Diese Fähigkeiten machen dich zur top Bewerber*in für die Stelle: (Senior) External Manufacturing Manager (m/f/d) - CTM
Tipps für deine Bewerbung 🫡
Understand the Role: Make sure to thoroughly read the job description for the (Senior) External Manufacturing Manager position. Highlight key responsibilities and required qualifications that align with your experience.
Tailor Your CV: Customize your CV to emphasize relevant experience in drug substance manufacturing, tech transfer, and project management. Use specific examples that demonstrate your expertise in these areas.
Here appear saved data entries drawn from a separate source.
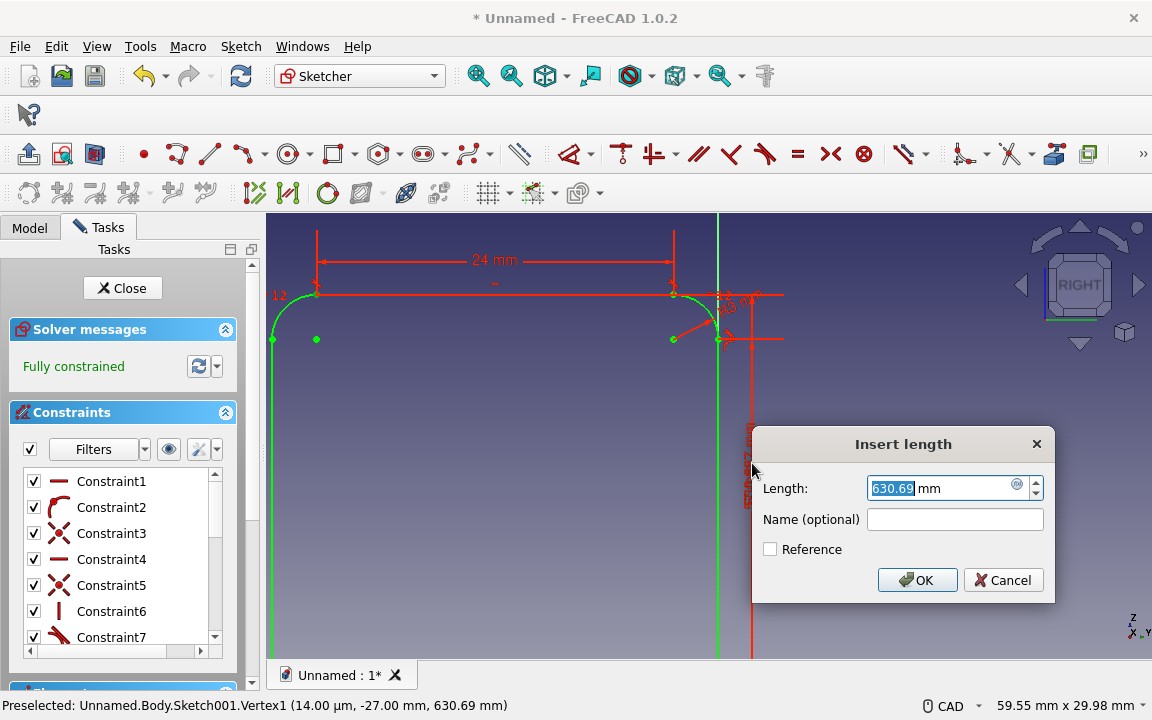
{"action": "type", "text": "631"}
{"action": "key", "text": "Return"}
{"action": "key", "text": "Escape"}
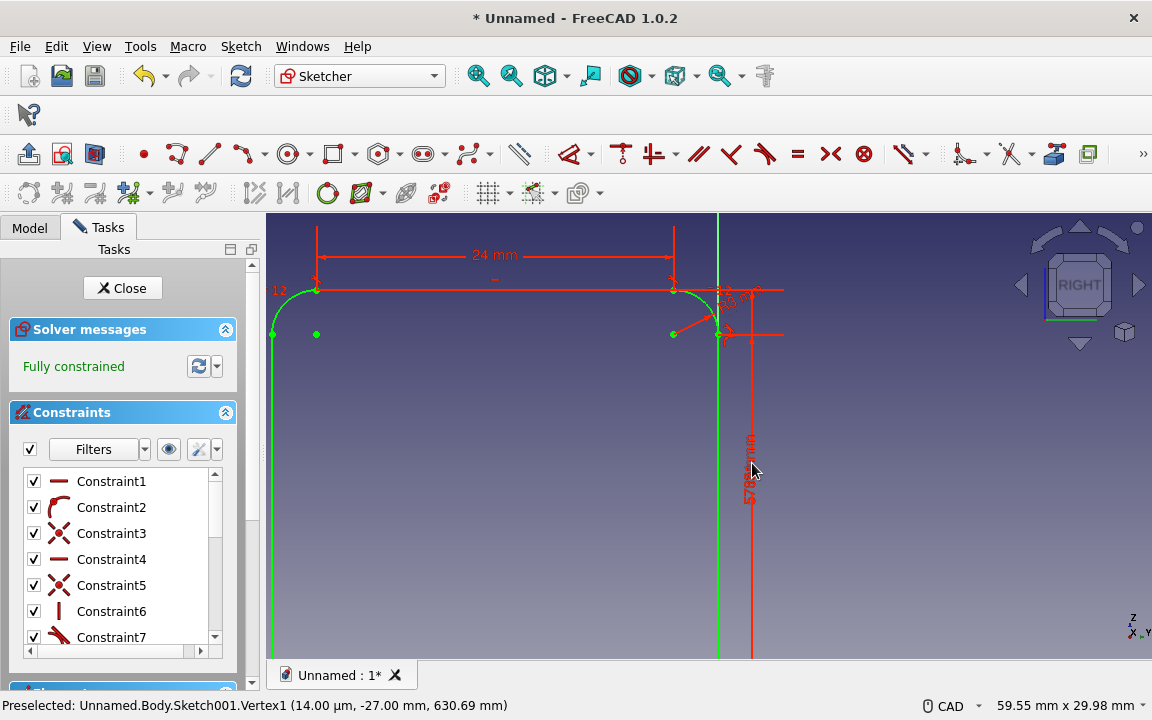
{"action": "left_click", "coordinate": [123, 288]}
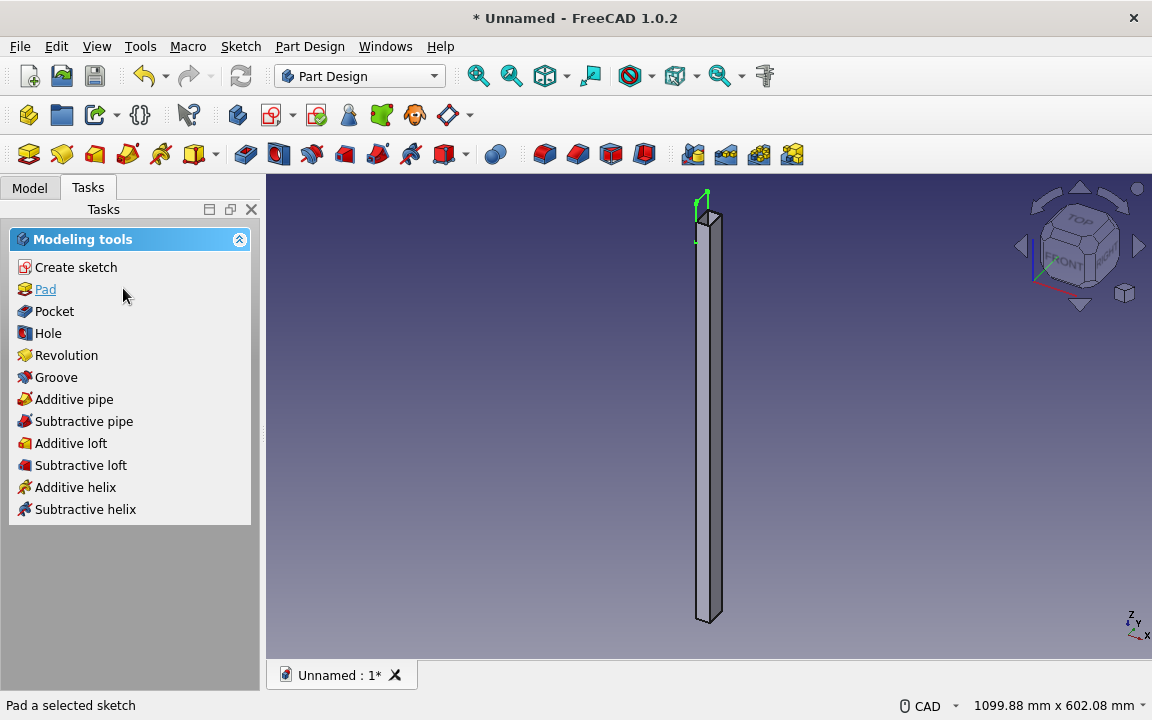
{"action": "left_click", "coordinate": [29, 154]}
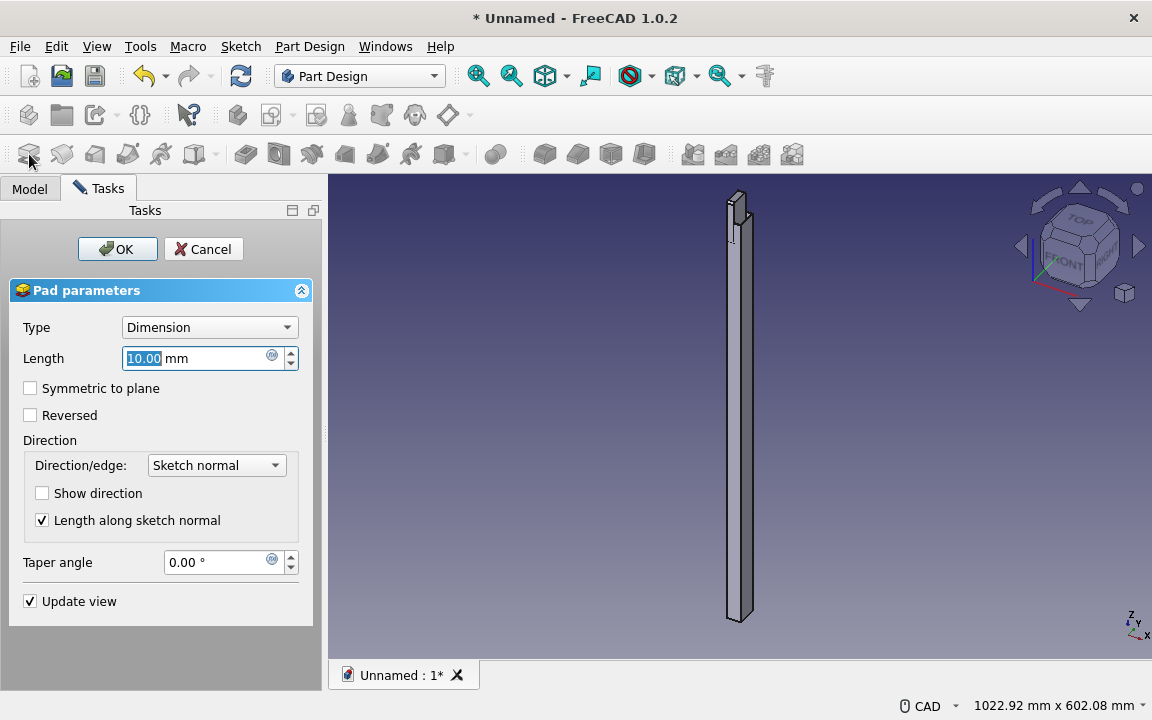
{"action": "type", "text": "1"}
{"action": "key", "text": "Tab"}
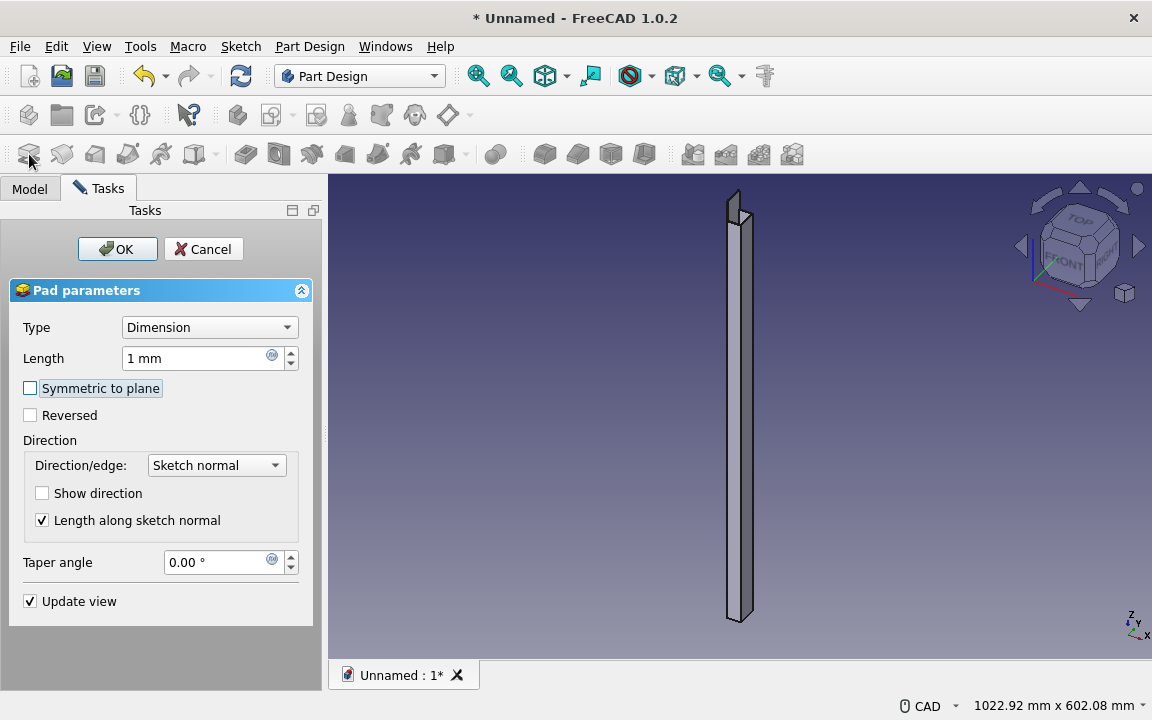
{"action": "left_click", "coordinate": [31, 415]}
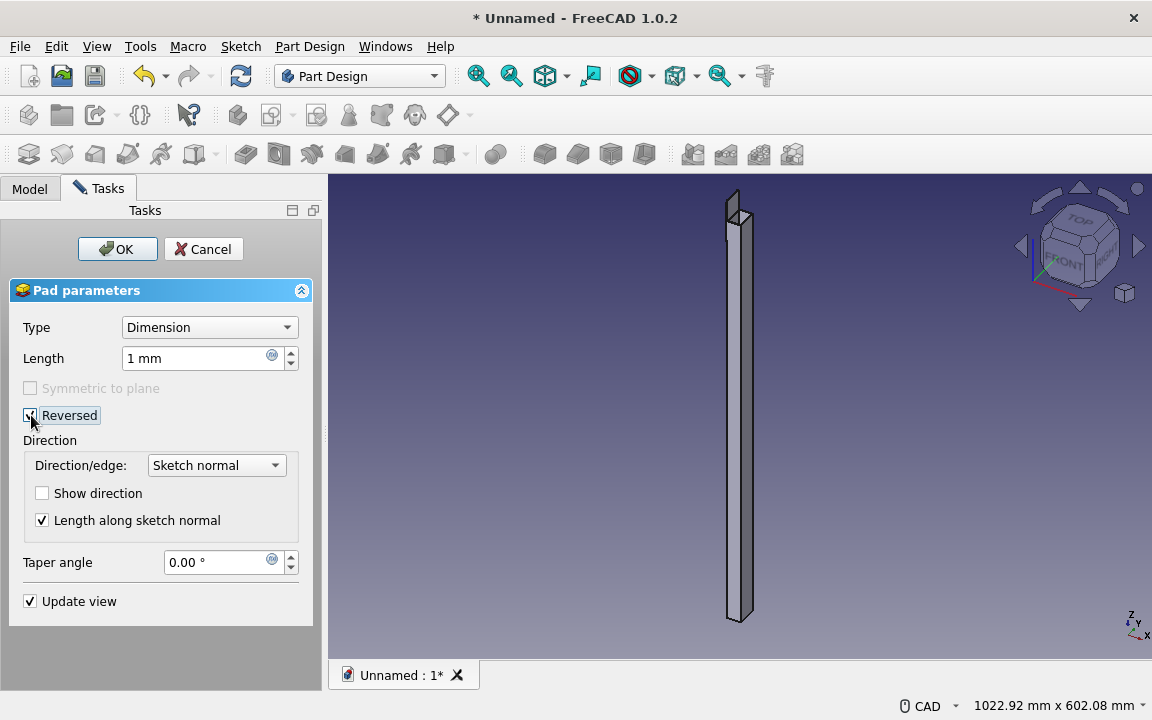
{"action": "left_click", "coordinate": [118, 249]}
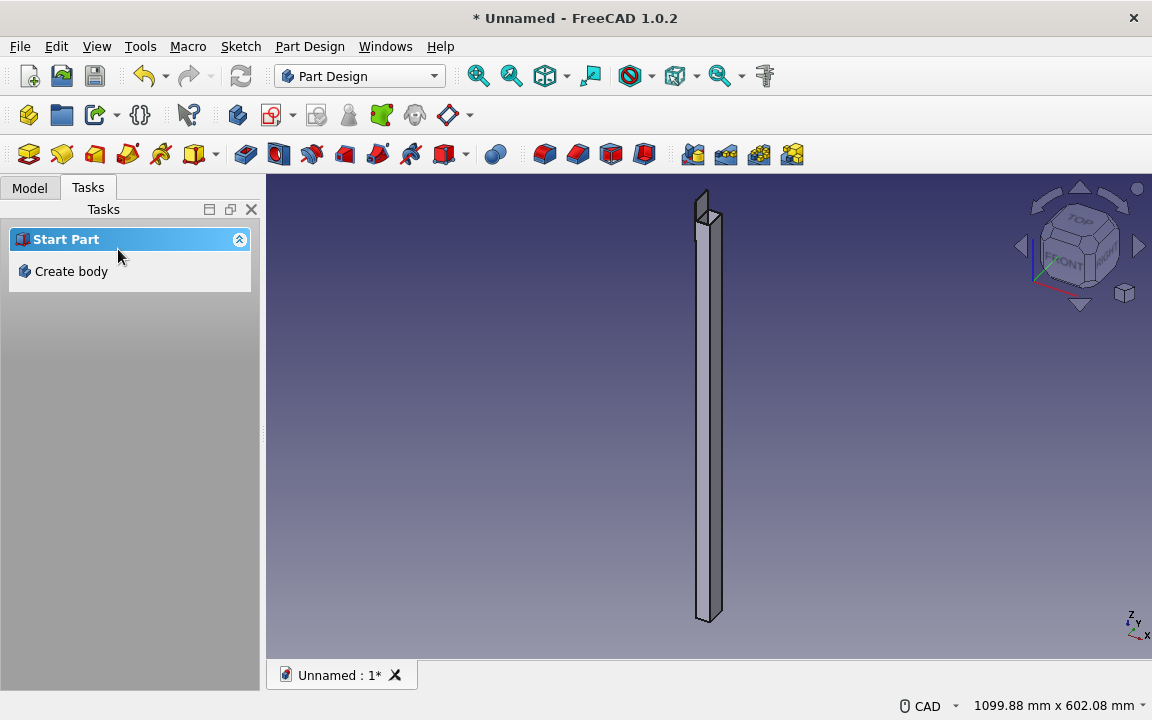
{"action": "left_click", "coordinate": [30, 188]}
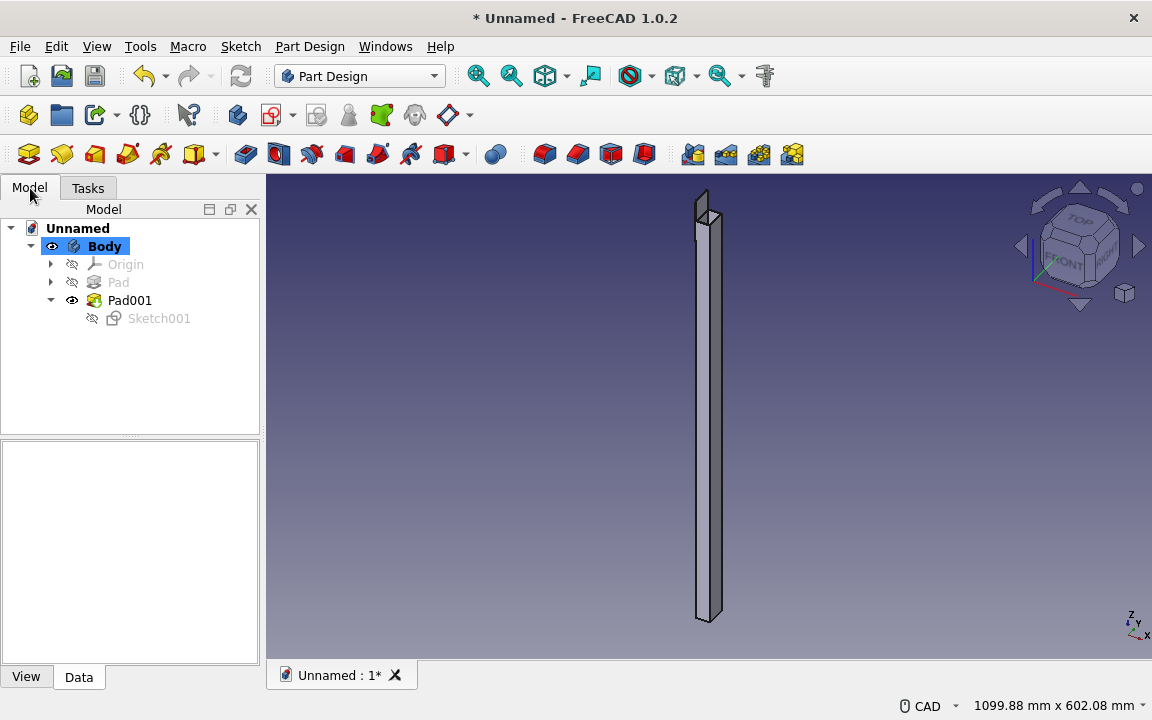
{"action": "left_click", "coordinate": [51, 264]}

Craft a Compelling Cover Letter: Write a cover letter that showcases your passion for vaccine development and your ability to manage external manufacturing processes. Mention how your skills can contribute to the company's mission and goals.
Highlight Regulatory Knowledge: Since the role involves supporting regulatory filings, be sure to mention any experience you have with INDs, BLAs, or other regulatory submissions. This will show your understanding of compliance standards in the biopharmaceutical industry.
Wie du dich auf ein Vorstellungsgespräch bei Valneva vorbereitest
✨Showcase Your Technical Expertise
Make sure to highlight your advanced degree and relevant experience in Drug Substance manufacturing. Be prepared to discuss specific projects where you successfully managed tech transfer and scale-up processes, especially with CDMOs.
✨Demonstrate Project Management Skills
Prepare examples that showcase your project management abilities. Discuss how you've effectively managed timelines and resources in previous roles, particularly in a clinical or commercial supply context.
✨Emphasize Regulatory Knowledge
Familiarize yourself with the regulatory standards relevant to the role, such as GMP and IND/BLA submissions. Be ready to discuss your experience supporting regulatory filings and how you ensured compliance in past projects.
✨Highlight Interpersonal Skills
Since the role involves collaboration with various internal and external teams, emphasize your interpersonal skills. Share experiences where you successfully navigated multicultural environments and built strong relationships with partners.